COLLUVIUM IN THE APPALACHIAN PLATEAU PHYSIOGRAPHIC PROVINCE OF PENNSYLVANIA, WEST VIRGINIA AND OHIO

The Appalachian Plateau Physiographic Province is the largest landslide risk area on the United States Landslide Hazard Map. This distinction is the result of bedrock geology and precipitation. Rocks are generally flat lying interbedded Paleozoic age claystone, shale and sandstone with a few limestone and coal seams. Weathering of rocks in valley walls plus downslope creep and sliding of the weathering products, particularly those derived from claystone and shale, produce colluvial masses of various thicknesses and lateral extents which exist in states of marginal equilibrium on many, if not most slopes.

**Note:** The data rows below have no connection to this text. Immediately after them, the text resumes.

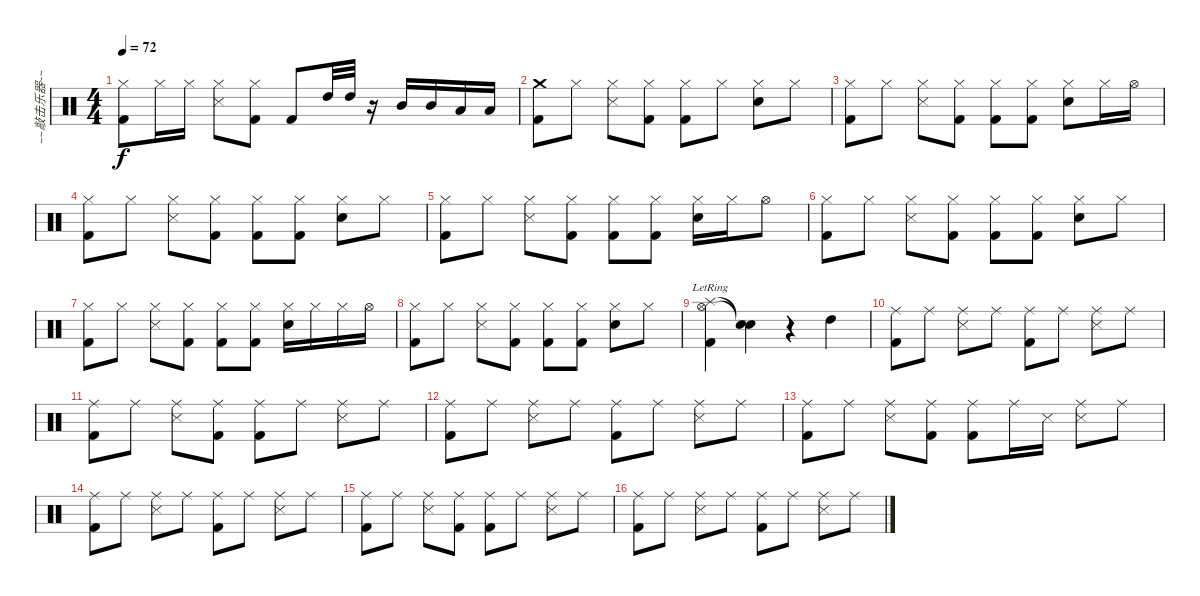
\track ("~~敲击乐器~~" "~~敲击乐器~~") {instrument percussion}
\staff {score}
\articulation defaults
\ts (4 4)
\tempo 72
\clef neutral
\ks c
("Hi-Hat (closed)" "Kick (hit) 2").8{dy f} "Hi-Hat (closed)".16 "Hi-Hat (closed)".16 ("Snare (side stick) 3" "Hi-Hat (closed)").8 ("Hi-Hat (closed)" "Kick (hit) 2").8 "Kick (hit) 2".8 "High Tom (hit)".32 "High Tom (hit)".32 r.16 "Mid Tom (hit)".16 "Mid Tom (hit)".16 "Low Tom (hit)".16 "Low Tom (hit)".16 |
("Crash medium (hit)" "Kick (hit) 2").8 "Hi-Hat (closed)".8 ("Snare (side stick) 3" "Hi-Hat (closed)").8 ("Hi-Hat (closed)" "Kick (hit) 2").8 ("Hi-Hat (closed)" "Kick (hit) 2").8 "Hi-Hat (closed)".8 ("Snare (hit) 2" "Hi-Hat (closed)").8 "Hi-Hat (closed)".8 |
("Hi-Hat (closed)" "Kick (hit) 2").8 "Hi-Hat (closed)".8 ("Snare (side stick) 3" "Hi-Hat (closed)").8 ("Hi-Hat (closed)" "Kick (hit) 2").8 ("Hi-Hat (closed)" "Kick (hit) 2").8 ("Hi-Hat (closed)" "Kick (hit) 2").8 ("Snare (hit) 2" "Hi-Hat (closed)").8 "Hi-Hat (closed)".16 "Hi-Hat (open)".16 |
("Hi-Hat (closed)" "Kick (hit) 2").8 "Hi-Hat (closed)".8 ("Snare (side stick) 3" "Hi-Hat (closed)").8 ("Hi-Hat (closed)" "Kick (hit) 2").8 ("Hi-Hat (closed)" "Kick (hit) 2").8 ("Hi-Hat (closed)" "Kick (hit) 2").8 ("Snare (hit) 2" "Hi-Hat (closed)").8 "Hi-Hat (closed)".8 |
("Hi-Hat (closed)" "Kick (hit) 2").8 "Hi-Hat (closed)".8 ("Snare (side stick) 3" "Hi-Hat (closed)").8 ("Hi-Hat (closed)" "Kick (hit) 2").8 ("Hi-Hat (closed)" "Kick (hit) 2").8 ("Hi-Hat (closed)" "Kick (hit) 2").8 ("Snare (hit) 2" "Hi-Hat (closed)").16 "Hi-Hat (closed)".16 "Hi-Hat (open)".8 |
("Hi-Hat (closed)" "Kick (hit) 2").8 "Hi-Hat (closed)".8 ("Snare (side stick) 3" "Hi-Hat (closed)").8 ("Hi-Hat (closed)" "Kick (hit) 2").8 ("Hi-Hat (closed)" "Kick (hit) 2").8 ("Hi-Hat (closed)" "Kick (hit) 2").8 ("Snare (hit) 2" "Hi-Hat (closed)").8 "Hi-Hat (closed)".8 |
("Hi-Hat (closed)" "Kick (hit) 2").8 "Hi-Hat (closed)".8 ("Snare (side stick) 3" "Hi-Hat (closed)").8 ("Hi-Hat (closed)" "Kick (hit) 2").8 ("Hi-Hat (closed)" "Kick (hit) 2").8 ("Hi-Hat (closed)" "Kick (hit) 2").8 ("Snare (hit) 2" "Hi-Hat (closed)").16 "Hi-Hat (closed)".16 "Hi-Hat (closed)".16 "Hi-Hat (open)".16 |
("Hi-Hat (closed)" "Kick (hit) 2").8 "Hi-Hat (closed)".8 ("Snare (side stick) 3" "Hi-Hat (closed)").8 ("Hi-Hat (closed)" "Kick (hit) 2").8 ("Hi-Hat (closed)" "Kick (hit) 2").8 ("Hi-Hat (closed)" "Kick (hit) 2").8 ("Snare (hit) 2" "Hi-Hat (closed)").8 "Hi-Hat (closed)".8 |
("Splash (hit)"{lr} "Hi-Hat (open)"{lr} "Kick (hit) 2").4 ("Snare (hit)"{t} "Snare (hit)"{t}).4 r.4 "High Tom (hit)".4 |
("Ride (middle)" "Kick (hit) 2").8 "Ride (middle)".8 ("Snare (side stick) 3" "Ride (middle)").8 "Ride (middle)".8 ("Ride (middle)" "Kick (hit) 2").8 "Ride (middle)".8 ("Snare (side stick) 3" "Ride (middle)").8 "Ride (middle)".8 |
("Ride (middle)" "Kick (hit) 2").8 "Ride (middle)".8 ("Snare (side stick) 3" "Ride (middle)").8 ("Ride (middle)" "Kick (hit) 2").8 ("Ride (middle)" "Kick (hit) 2").8 "Ride (middle)".8 ("Snare (side stick) 3" "Ride (middle)").8 "Ride (middle)".8 |
("Ride (middle)" "Kick (hit) 2").8 "Ride (middle)".8 ("Snare (side stick) 3" "Ride (middle)").8 "Ride (middle)".8 ("Ride (middle)" "Kick (hit) 2").8 "Ride (middle)".8 ("Snare (side stick) 3" "Ride (middle)").8 "Ride (middle)".8 |
("Ride (middle)" "Kick (hit) 2").8 "Ride (middle)".8 ("Snare (side stick) 3" "Ride (middle)").8 ("Ride (middle)" "Kick (hit) 2").8 ("Ride (middle)" "Kick (hit) 2").8 "Ride (middle)".16 "Snare (side stick) 3".16 ("Snare (side stick) 3" "Ride (middle)").8 "Ride (middle)".8 |
("Ride (middle)" "Kick (hit) 2").8 "Ride (middle)".8 ("Snare (side stick) 3" "Ride (middle)").8 "Ride (middle)".8 ("Ride (middle)" "Kick (hit) 2").8 "Ride (middle)".8 ("Snare (side stick) 3" "Ride (middle)").8 "Ride (middle)".8 |
("Ride (middle)" "Kick (hit) 2").8 "Ride (middle)".8 ("Snare (side stick) 3" "Ride (middle)").8 ("Ride (middle)" "Kick (hit) 2").8 ("Ride (middle)" "Kick (hit) 2").8 "Ride (middle)".8 ("Snare (side stick) 3" "Ride (middle)").8 "Ride (middle)".8 |
("Ride (middle)" "Kick (hit) 2").8 "Ride (middle)".8 ("Snare (side stick) 3" "Ride (middle)").8 "Ride (middle)".8 ("Ride (middle)" "Kick (hit) 2").8 "Ride (middle)".8 ("Snare (side stick) 3" "Ride (middle)").8 "Ride (middle)".8

Most of the present slope stability problems in the region involve slump type slides, or slow earthflows of colluvial soil. The precarious equilibrium of these masses is frequently upset by man’s activities, e.g., removal of toe support, loading the slope, or changing surface and subsurface drainage. Abnormally high precipitation also initiates movement of colluvial masses.

The colluvial soil tends to be stiff to hard, with no discernible layering or structure. However, creep and sliding processes create a series of shear surfaces within the soil mass and at the soil-rock interface. Due to slope creep the colluvium exhibits residual strength characterized by negligible cohesion intercepts and friction angles of 8° - 20°. Measured residual friction angles for most claystone derived colluvium are on the order of 11° - 16°.

Geotechnical engineers have understood the formation of colluvium and its resulting low shear strength since the late 1960’s. These specialists have generously shared their knowledge through technical papers, workshops and field trips. Yet numerous slides occur because some geologists and geotechnical engineers do not recognize the unique properties of colluvium.